**Work to complete:**
Each line from the top of the listing through the one holding "- LEGO set <box>186,102,449,407</box>" should be restated word for word, with nothing added and no pictures.
+ + + + + + +
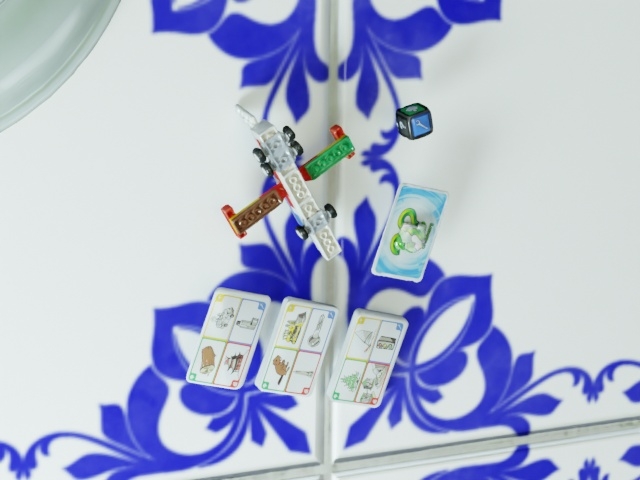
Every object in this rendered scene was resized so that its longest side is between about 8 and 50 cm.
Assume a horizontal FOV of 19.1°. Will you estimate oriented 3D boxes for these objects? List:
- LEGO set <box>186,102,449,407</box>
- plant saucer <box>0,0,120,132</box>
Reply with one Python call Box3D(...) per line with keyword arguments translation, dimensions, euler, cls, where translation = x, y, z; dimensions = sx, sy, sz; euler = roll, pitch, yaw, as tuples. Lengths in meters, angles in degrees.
Box3D(translation=(0.000, 0.000, 1.458), dimensions=(0.182, 0.060, 0.244), euler=(10, 104, -33), cls="LEGO set")
Box3D(translation=(-0.288, -0.235, 1.223), dimensions=(0.400, 0.100, 0.400), euler=(-6, 104, -24), cls="plant saucer")
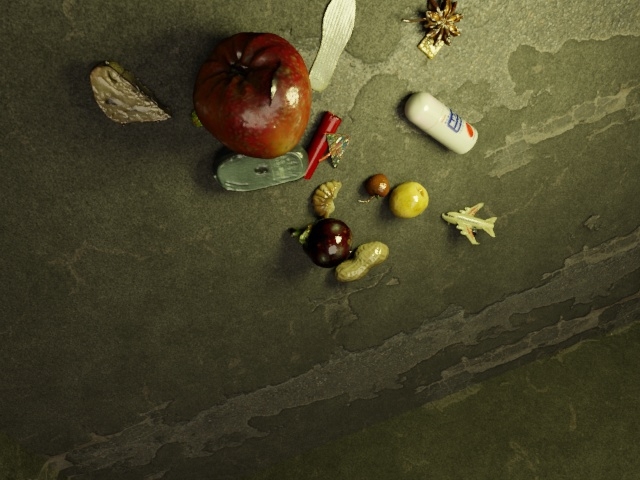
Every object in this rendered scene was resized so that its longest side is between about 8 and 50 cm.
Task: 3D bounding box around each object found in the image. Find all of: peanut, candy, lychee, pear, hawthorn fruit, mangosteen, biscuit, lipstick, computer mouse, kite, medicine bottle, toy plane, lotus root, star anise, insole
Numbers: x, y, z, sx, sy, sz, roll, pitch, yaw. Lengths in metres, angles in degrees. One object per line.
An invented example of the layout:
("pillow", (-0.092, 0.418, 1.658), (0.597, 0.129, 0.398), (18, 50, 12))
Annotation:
("peanut", (0.195, 0.106, 2.046), (0.298, 0.120, 0.136), (-38, 101, 11))
("candy", (-0.380, -0.471, 1.536), (0.194, 0.058, 0.062), (-24, 95, -12))
("lychee", (0.243, -0.226, 1.845), (0.114, 0.101, 0.140), (20, 105, 8))
("pear", (0.393, -0.176, 1.890), (0.178, 0.178, 0.178), (-8, 125, -11))
("hawthorn fruit", (-0.200, -0.467, 1.408), (0.403, 0.403, 0.402), (-8, 125, -11))
("mangosteen", (0.000, 0.000, 1.866), (0.289, 0.231, 0.231), (18, 118, -2))
("biscuit", (0.423, -0.747, 1.599), (0.083, 0.018, 0.081), (28, 112, -29))
("lipstick", (-0.008, -0.378, 1.686), (0.073, 0.073, 0.279), (18, 114, -26))
("computer mouse", (-0.233, -0.297, 1.650), (0.374, 0.114, 0.203), (-7, 128, -3))
("kite", (0.060, -0.377, 1.702), (0.189, 0.009, 0.232), (-42, 151, -14))
("medicine bottle", (0.488, -0.487, 1.725), (0.341, 0.130, 0.130), (24, 113, -28))
("toy plane", (0.723, -0.091, 2.049), (0.256, 0.242, 0.104), (9, 151, 20))
("lotus root", (-0.660, -0.479, 1.426), (0.170, 0.074, 0.260), (-35, 127, 9))
("star anise", (0.416, -0.808, 1.519), (0.234, 0.073, 0.177), (23, 97, -30))
("biscuit", (0.022, -0.176, 1.840), (0.118, 0.061, 0.183), (9, 121, -20))
("insole", (0.040, -0.713, 1.514), (0.119, 0.009, 0.348), (11, 119, -23))
+ + + + + + +
**Answer to this problem:**
Every object in this rendered scene was resized so that its longest side is between about 8 and 50 cm.
Assume a horizontal FOV of 19.1°. Will you estimate oriented 3D boxes for these objects? List:
- LEGO set <box>186,102,449,407</box>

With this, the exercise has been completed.